**WORK TO COMPLETE:** Keep every line in which "total" occurs and drop the rest of the data.

**RECORDS PROVIDED:**
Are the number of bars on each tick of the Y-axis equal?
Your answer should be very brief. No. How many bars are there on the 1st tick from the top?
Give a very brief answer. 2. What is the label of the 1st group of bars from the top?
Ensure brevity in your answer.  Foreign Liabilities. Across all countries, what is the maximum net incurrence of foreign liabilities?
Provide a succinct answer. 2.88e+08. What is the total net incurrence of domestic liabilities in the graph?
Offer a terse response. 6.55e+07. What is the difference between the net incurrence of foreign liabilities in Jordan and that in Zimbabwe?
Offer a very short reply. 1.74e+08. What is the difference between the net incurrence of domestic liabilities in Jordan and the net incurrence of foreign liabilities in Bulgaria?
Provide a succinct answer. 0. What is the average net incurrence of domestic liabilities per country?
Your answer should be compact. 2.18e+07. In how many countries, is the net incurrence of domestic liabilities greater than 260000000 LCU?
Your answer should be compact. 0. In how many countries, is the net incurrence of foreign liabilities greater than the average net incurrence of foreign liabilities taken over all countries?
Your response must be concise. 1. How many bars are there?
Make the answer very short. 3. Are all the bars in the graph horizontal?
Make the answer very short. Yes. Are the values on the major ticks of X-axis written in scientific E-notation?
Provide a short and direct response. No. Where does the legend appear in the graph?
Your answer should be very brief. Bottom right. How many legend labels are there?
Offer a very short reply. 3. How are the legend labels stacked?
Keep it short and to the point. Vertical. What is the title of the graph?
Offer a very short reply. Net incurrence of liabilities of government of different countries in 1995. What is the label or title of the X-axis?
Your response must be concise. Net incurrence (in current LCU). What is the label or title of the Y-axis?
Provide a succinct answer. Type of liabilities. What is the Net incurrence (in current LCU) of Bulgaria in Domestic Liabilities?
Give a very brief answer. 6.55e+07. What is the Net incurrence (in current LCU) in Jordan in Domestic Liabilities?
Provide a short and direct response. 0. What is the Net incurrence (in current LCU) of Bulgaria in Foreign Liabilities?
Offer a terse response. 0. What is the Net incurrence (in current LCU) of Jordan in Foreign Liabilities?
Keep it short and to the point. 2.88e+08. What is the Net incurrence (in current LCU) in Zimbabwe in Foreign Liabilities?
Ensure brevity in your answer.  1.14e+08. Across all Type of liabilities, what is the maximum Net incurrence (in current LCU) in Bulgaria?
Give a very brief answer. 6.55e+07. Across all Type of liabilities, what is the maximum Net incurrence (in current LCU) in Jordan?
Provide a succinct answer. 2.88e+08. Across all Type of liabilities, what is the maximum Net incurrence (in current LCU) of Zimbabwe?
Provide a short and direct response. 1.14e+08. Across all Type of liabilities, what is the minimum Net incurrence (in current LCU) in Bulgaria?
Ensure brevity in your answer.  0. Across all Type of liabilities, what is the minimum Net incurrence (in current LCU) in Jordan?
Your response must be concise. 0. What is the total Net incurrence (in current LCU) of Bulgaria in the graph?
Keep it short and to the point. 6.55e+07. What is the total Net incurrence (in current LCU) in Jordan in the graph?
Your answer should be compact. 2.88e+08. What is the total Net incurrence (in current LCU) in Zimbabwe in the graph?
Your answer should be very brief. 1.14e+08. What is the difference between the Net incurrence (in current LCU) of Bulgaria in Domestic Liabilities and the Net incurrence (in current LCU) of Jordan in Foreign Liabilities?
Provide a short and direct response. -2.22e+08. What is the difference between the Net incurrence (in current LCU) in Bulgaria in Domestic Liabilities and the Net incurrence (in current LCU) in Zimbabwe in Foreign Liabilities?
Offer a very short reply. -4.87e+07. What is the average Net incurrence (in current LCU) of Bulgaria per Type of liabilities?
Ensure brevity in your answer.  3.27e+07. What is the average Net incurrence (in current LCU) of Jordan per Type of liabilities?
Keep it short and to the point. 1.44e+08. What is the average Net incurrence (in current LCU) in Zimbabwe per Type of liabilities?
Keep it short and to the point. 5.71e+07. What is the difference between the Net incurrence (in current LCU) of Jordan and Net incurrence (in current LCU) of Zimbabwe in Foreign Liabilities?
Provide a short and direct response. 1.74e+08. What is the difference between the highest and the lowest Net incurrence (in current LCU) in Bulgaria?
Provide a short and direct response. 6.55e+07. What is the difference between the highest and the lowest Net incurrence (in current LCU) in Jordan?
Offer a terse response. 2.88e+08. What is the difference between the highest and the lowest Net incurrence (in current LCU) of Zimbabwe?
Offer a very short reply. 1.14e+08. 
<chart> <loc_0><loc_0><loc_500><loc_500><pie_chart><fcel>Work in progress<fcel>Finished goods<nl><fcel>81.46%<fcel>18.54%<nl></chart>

--

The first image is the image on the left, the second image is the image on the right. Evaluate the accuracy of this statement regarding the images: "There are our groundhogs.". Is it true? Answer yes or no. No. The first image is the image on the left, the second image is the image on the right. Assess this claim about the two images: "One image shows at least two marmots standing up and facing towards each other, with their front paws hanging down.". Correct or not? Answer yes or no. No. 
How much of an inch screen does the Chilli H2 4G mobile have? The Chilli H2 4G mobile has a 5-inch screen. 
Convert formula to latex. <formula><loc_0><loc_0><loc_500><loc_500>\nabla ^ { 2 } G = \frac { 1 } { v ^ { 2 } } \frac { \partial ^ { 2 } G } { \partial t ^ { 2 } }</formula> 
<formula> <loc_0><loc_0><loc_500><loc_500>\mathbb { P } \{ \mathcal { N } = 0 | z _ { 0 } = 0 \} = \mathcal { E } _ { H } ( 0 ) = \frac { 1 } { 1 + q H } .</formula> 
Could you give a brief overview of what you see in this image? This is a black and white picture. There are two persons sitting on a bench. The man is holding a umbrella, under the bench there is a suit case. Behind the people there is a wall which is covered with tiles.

**SOLUTION TO THE PROBLEM:**
Provide a succinct answer. 2.88e+08. What is the total net incurrence of domestic liabilities in the graph?
Your response must be concise. 0. What is the total Net incurrence (in current LCU) of Bulgaria in the graph?
Keep it short and to the point. 6.55e+07. What is the total Net incurrence (in current LCU) in Jordan in the graph?
Your answer should be compact. 2.88e+08. What is the total Net incurrence (in current LCU) in Zimbabwe in the graph?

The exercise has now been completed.